Monday, August 18, 2008

Take this pink ribbon off my eyes...

It truly is amazing how people try to treat pregnant women as if they are china dolls who will break in the slightest wind.  As I've gotten bigger, people seem more and more concerned with my health and not wanting me to work too hard. I'm sure if I rode buses, people would be trying to give me their seats. Don't get me wrong, I appreciate the concern and respect that these things imply!  But I think there is an unspoken rule in our society that pregnant women must be catered to at all moments.  We are told to rest as much as possible, demand foot rubs from our husbands every day as a "reward" of sorts from carrying their children, and turn up our noses when someone smokes within a 1-mile radius of our tender tummies.  I've gotten a vibe a number of times, especially from Brent's male (and often unmarried) friends, that they are shocked that he does not cater to me hand and foot.  The few times someone has actually said something, I usually respond, "I'm pregnant, not dead!"  I often had people tell me that I was a "trooper" for going out on the town with our friends, when everyone is having a grand time drinking and I'm double-fisting my Shirley Temple and water :)  It surprises people that I would rather go out and have the best time I can than play the "pregnancy card" and make us both stay home.  And that surprises me.

Granted, I went through a phase early in my pregnancy when I wanted to be treated like a princess and adored by everyone for the miracle of life growing inside my belly.  Who wouldn't?  But I've come to realize that treating myself like an accident waiting to happen, or enjoying it when others treat me that way, does nothing to mature me as a woman.  Sure, there will probably come a time, not too long from now, when certain things simply harder for me to do, and I may need some extra help.  But a slower, less active final month or so doesn't mean that I am helpless now.  As the weeks have worn on, I've shifted from wanting to be treated as "special" to pushing myself to take on challenges, however small.  

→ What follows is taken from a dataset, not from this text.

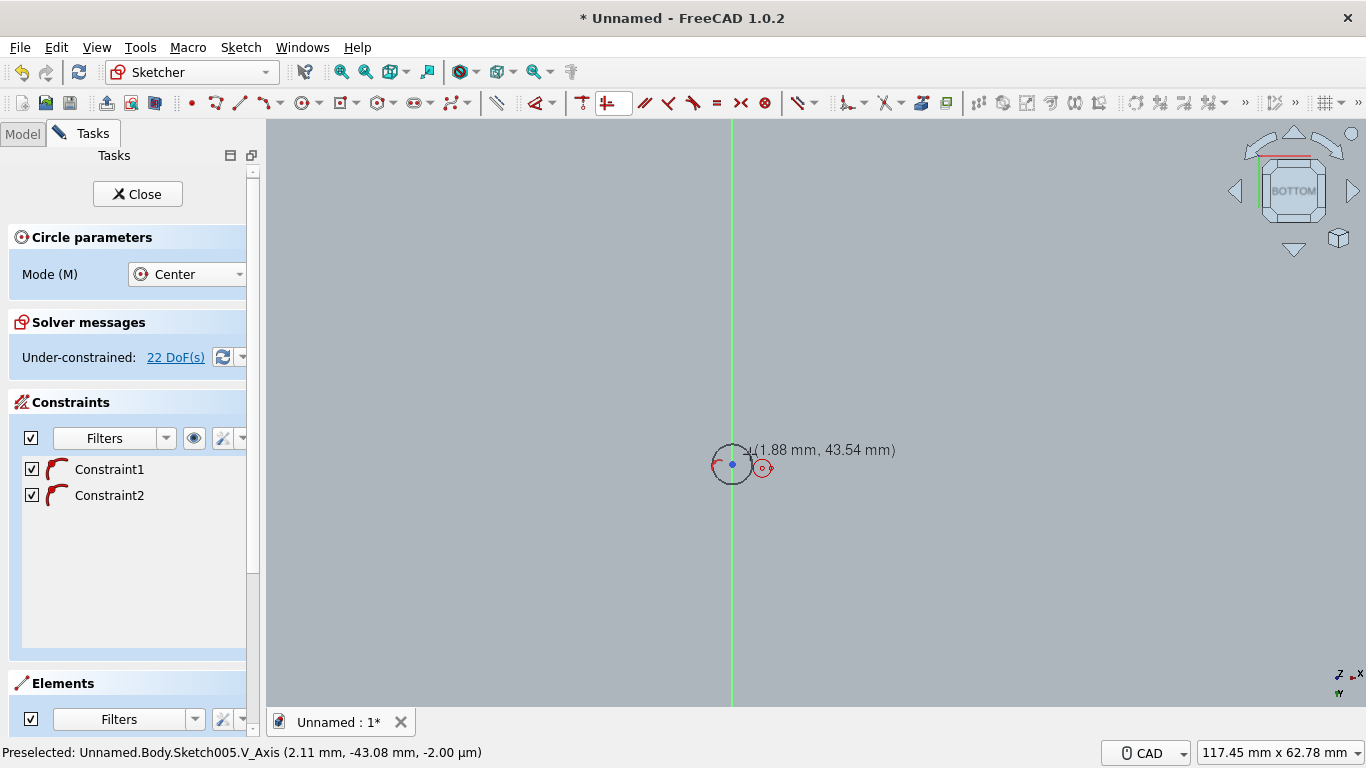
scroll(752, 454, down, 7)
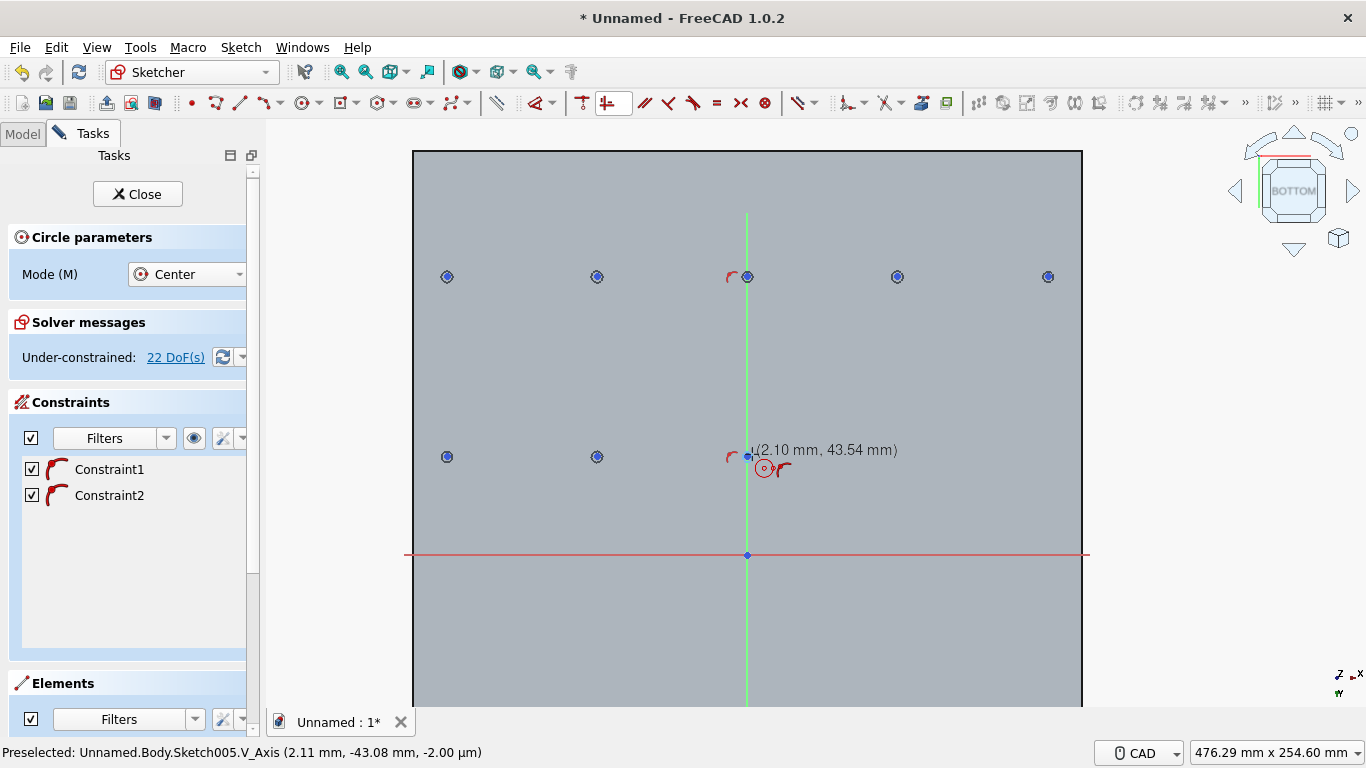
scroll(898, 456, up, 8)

And I'm aware that I've had a really easy pregnancy, so maybe this is all too easy for me to say.  But, I'm no longer sure that an easy pregnancy is the great blessing I've been saying it is, even though I'm incredibly grateful for it.  I might have learned more during these past 6 months had I been sick as a dog!  I've come to see more and more that the greatest blessings come in the most painful of wrappings -- which is just one of many reasons I am praying for the opportunity to have a natural childbirth come November.  I can't control what will happen, but I'm hopeful that I will have the chance to face one of the greatest challenges there is, and to experience the great blessing that I know lies in walking through that challenge with God.

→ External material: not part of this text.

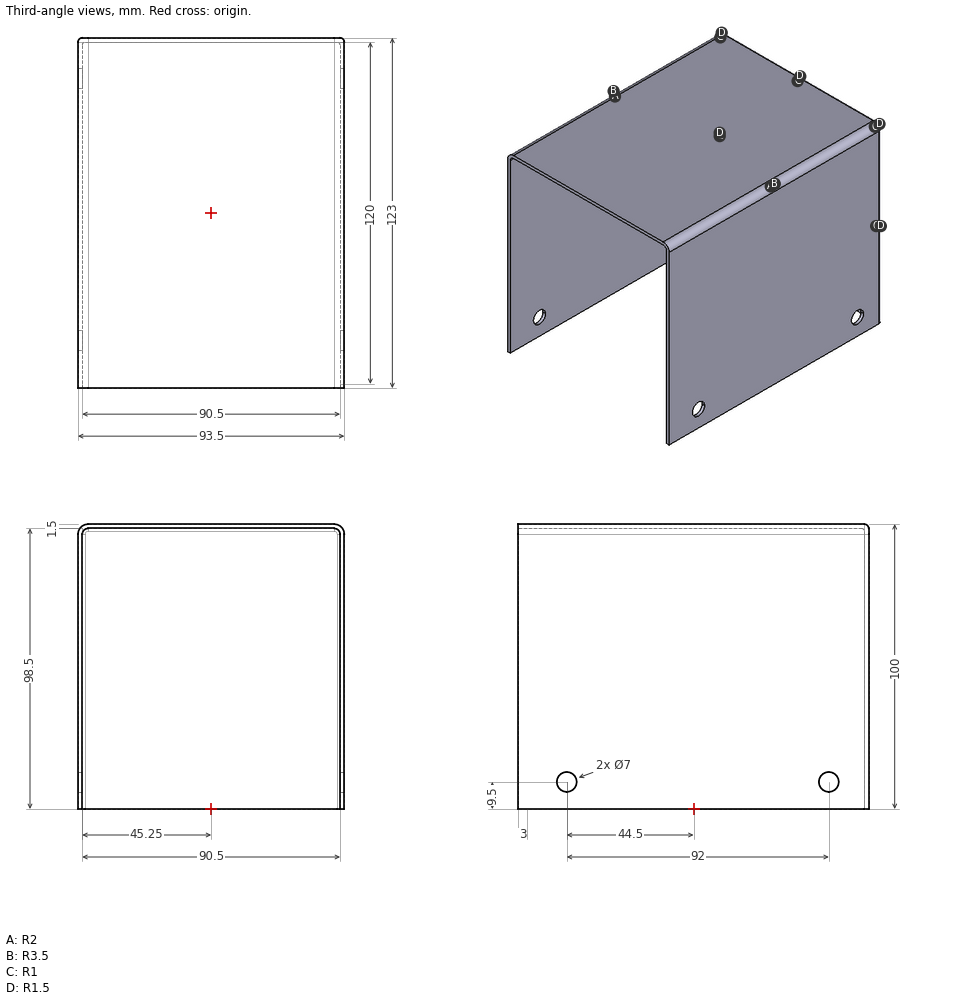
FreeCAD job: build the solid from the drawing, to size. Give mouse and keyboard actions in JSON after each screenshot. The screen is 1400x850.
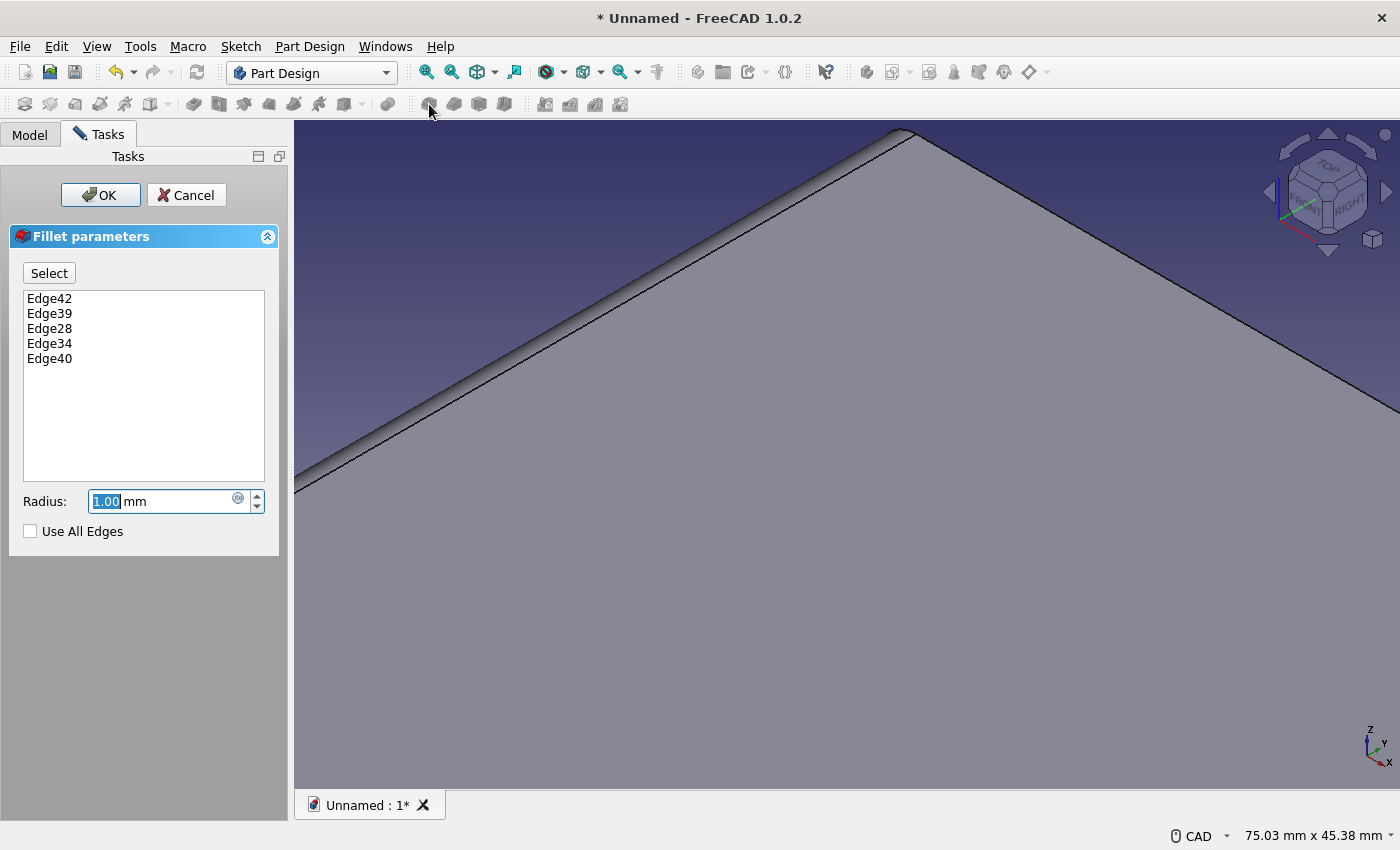
{"action": "type", "text": "1"}
{"action": "key", "text": "Tab"}

This is all to say that while I think pregnant women should certainly take care of themselves, I also think that this attitude of catering to our every need really does us a disservice.  The very concept of having time to be catered to must be a fairly new one; certainly pioneer men couldn't be expected to be giving footrubs to their pregnant wives on the Oregon Trail.  When simple survival took everything a couple had, there was no time for putting feet up on the couch (and no couch to begin with!)  While we look back at those more "difficult" times as primitive, something not to be returned to, I wonder if our easy lives are really the great blessing they seem.  Are we exchanging great spiritual and emotional blessings for fleeting physical ones?